Women and Writing in France, 1500-1800

150B :  Women in French Literature
Fall 2023
Class No: 31013
4104 Dwinelle Hall
TTh
Susan Maslan
11:00 AM - 12:29 PM

“Dans ses meubles, dût-elle en avoir l’ennui, / Il ne faut écritoire, encre, papier, ni plume./ Le mari doit dans les bonnes coutumes, écrire tout ce qui s’écrit chez lui.”  Molière, L’École des femmes 

This course will explore the relation between women and writing from the sixteenth through the end of the eighteenth centuries in France.  We will study women writers, but we will also explore discourses about women and writing.  We will read forms of writing traditionally associated with women—such as letter writing—that may not typically be included in the category of “writing” as well as novels, plays, and poems.  We will seek to understand what writing meant to women: how it helped them form their own identities, explore and construct the self, and to participate beyond the domestic sphere.  And we will study how the broader culture thought about women and writing: was writing transgressive or dangerous?  Was it ridiculous? Was it a mode of creating and affirming community?
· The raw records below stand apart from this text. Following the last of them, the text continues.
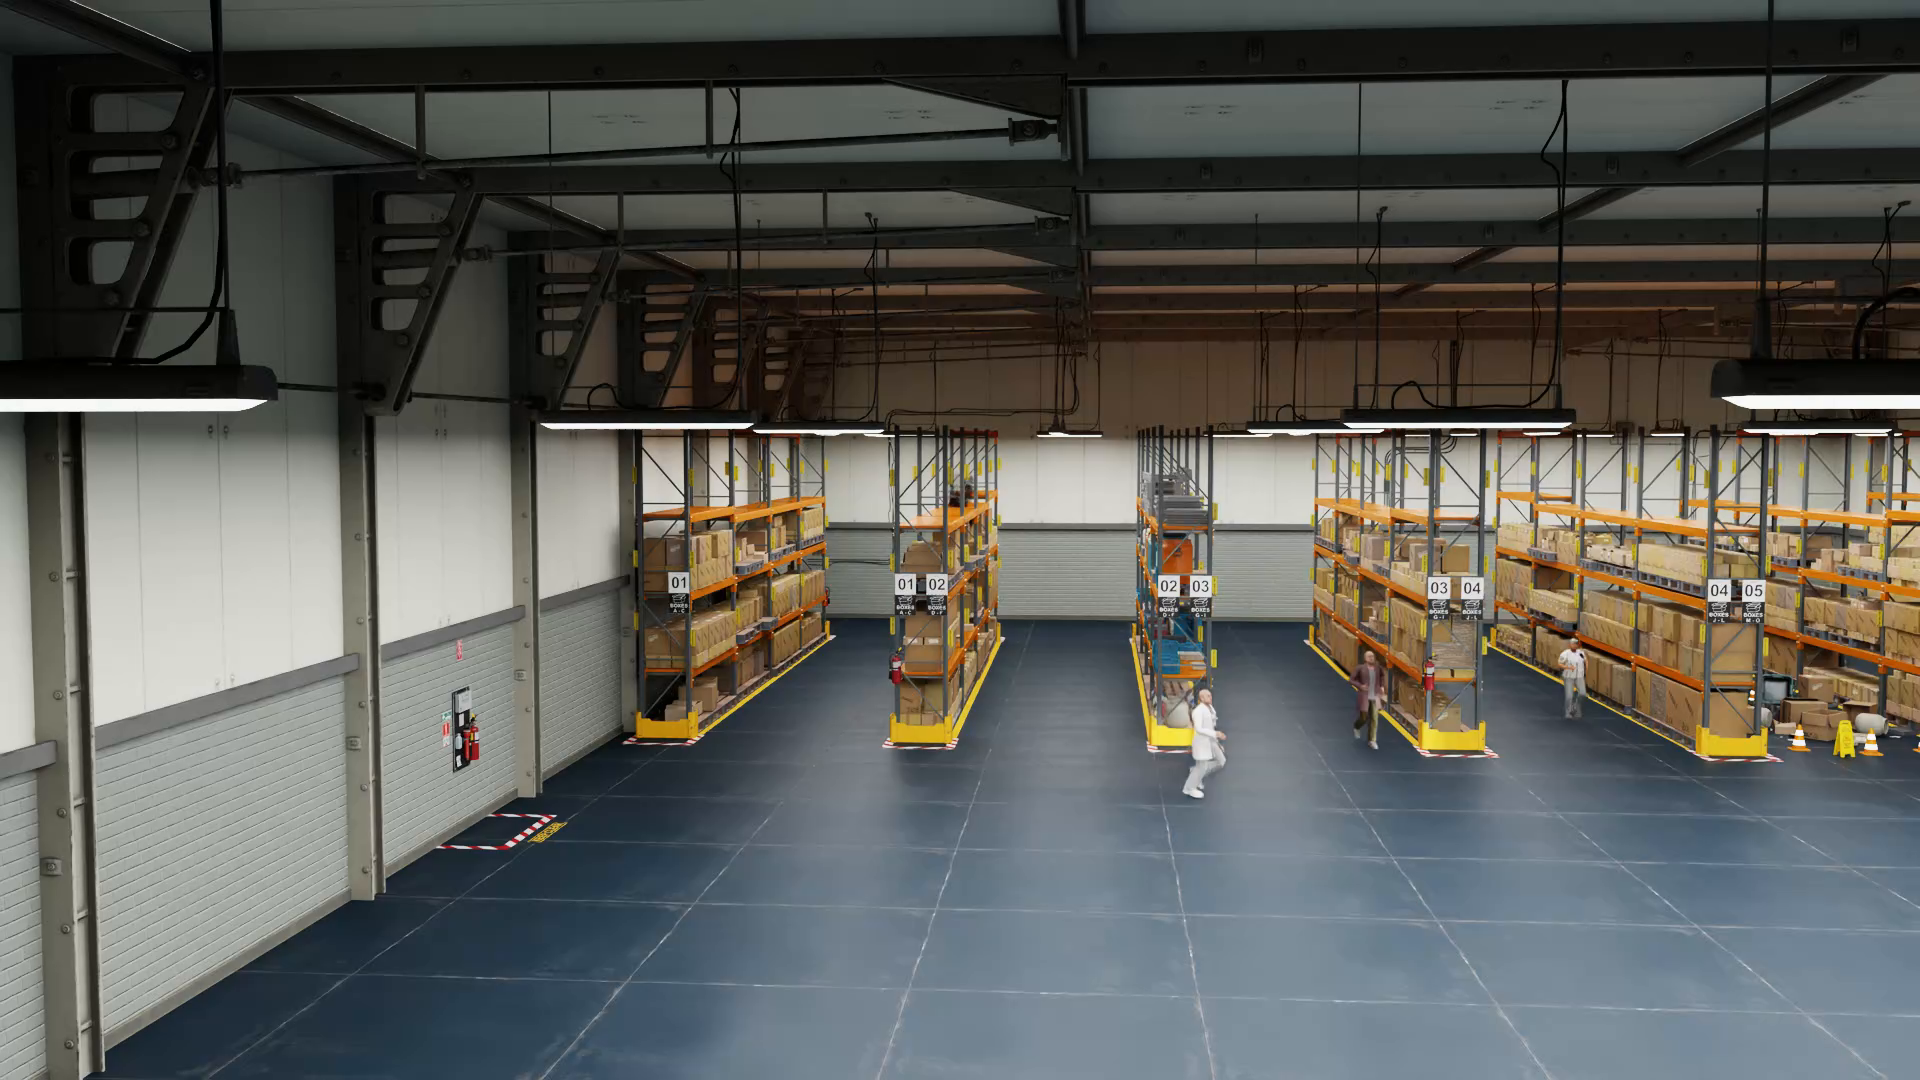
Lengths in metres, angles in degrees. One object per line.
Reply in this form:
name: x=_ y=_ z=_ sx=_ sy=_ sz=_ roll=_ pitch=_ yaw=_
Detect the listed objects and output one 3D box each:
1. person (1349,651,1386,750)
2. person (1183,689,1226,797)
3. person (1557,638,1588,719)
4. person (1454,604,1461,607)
person: x=7.647 y=2.962 z=31.113 sx=0.754 sy=1.774 sz=1.030 roll=0 pitch=3 yaw=-7
person: x=3.955 y=3.252 z=26.664 sx=0.766 sy=1.738 sz=0.741 roll=2 pitch=4 yaw=35
person: x=12.598 y=2.843 z=34.128 sx=0.667 sy=1.662 sz=0.604 roll=0 pitch=3 yaw=2
person: x=14.109 y=2.040 z=47.166 sx=0.660 sy=1.712 sz=0.871 roll=-3 pitch=4 yaw=-40

Why were women readers and writers sometimes depicted as either sexual predators or, equally dangerous, distinctly uninterested in men?  Recent critics have brought much early modern women’s writing back into the center of literary and scholarly discussion, but some scholars resist the notion that women made a significant contribution to the world of letters: one scholar has gone so far as to argue—ingeniously—that the great poet Louise Labé didn’t really exist.  She was, on this account, a mere “paper creature" invented by male poets!  In addition to these topics, we will explore the material life of writing: paper, ink, pens, envelopes, desks, etc.

REQUIRED TEXTS: Marguerite de Navarre, "L’Heptaméron"; Louise Labé, "Sonnets"; Lafayette, "La Princesse de Cleves"; Molière, "Les Femmes savantes"; Riccoboni, Charrière, Lettres de Mistress Henley; "Ernestine"; Laclos, "Les Liaisons dangereuses" (extrait); Stael, "De la litterature."